— Brief —
Locate the word "name" in the data below, then copy every line that holds it.
START Information shown
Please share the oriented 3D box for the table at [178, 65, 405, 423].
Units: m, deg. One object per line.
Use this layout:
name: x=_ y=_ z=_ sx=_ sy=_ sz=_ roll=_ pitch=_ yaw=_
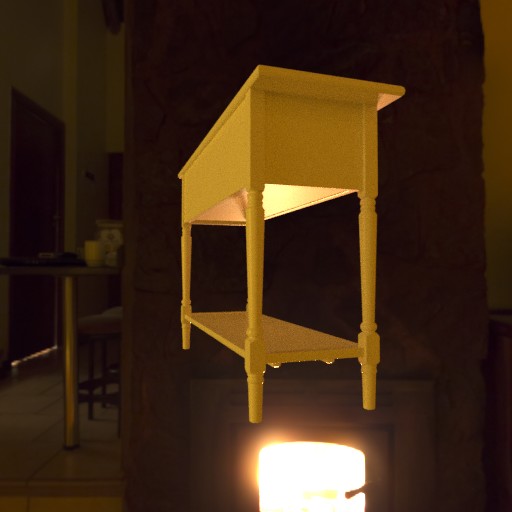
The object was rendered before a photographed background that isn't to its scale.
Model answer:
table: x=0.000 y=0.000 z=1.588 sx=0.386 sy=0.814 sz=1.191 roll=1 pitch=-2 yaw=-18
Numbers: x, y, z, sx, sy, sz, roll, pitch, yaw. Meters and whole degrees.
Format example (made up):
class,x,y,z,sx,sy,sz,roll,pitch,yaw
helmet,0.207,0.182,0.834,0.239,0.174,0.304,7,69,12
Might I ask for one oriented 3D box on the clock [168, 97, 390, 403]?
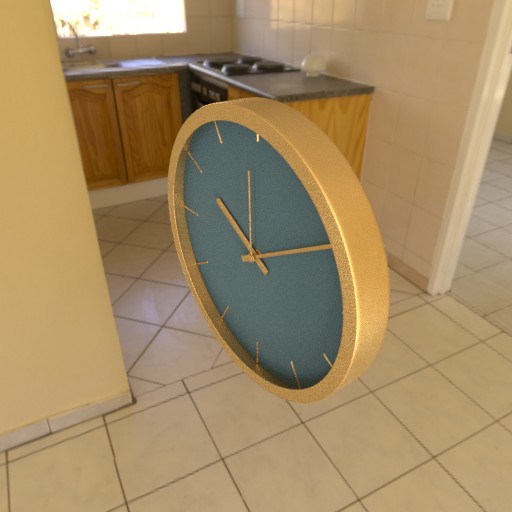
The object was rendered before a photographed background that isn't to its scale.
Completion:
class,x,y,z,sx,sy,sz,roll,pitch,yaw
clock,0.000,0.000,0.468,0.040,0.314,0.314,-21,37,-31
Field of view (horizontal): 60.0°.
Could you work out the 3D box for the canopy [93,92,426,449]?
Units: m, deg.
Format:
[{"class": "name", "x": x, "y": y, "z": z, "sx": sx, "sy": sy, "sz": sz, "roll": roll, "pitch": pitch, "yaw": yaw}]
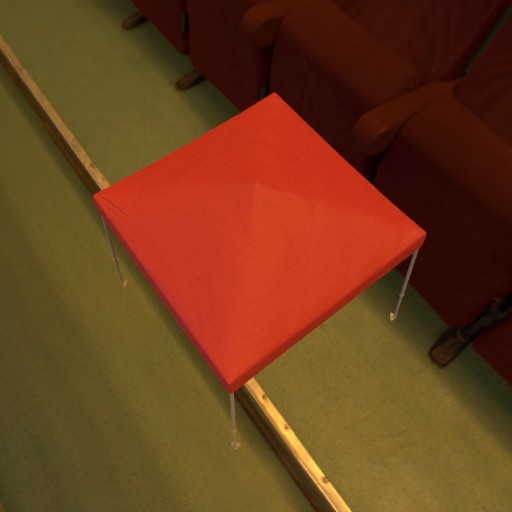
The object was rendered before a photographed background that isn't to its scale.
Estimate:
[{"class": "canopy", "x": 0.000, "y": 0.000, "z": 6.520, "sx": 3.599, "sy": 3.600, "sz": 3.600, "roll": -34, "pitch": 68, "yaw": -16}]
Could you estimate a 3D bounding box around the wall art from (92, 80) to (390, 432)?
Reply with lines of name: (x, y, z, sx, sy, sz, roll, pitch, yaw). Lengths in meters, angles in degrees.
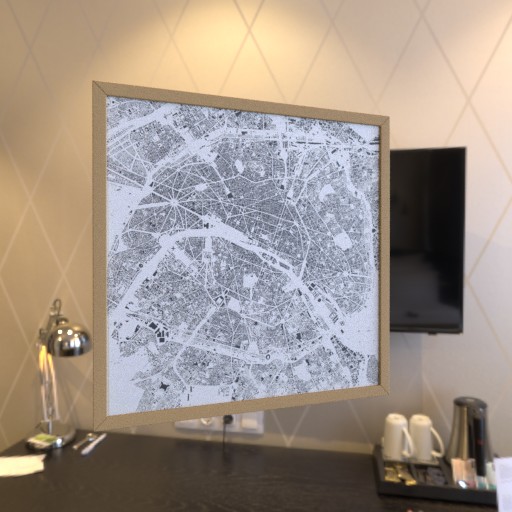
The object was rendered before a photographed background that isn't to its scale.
END Information shown
— Expected answer —
name: x=_ y=_ z=_ sx=_ sy=_ sz=_ roll=_ pitch=_ yaw=_
[{"class": "name", "x": x, "y": y, "z": z, "sx": sx, "sy": sy, "sz": sz, "roll": roll, "pitch": pitch, "yaw": yaw}]
Reply with lines of name: (x, y, z, sx, sy, sz, roll, pitch, yaw). Lengths in meters, angles in degrees.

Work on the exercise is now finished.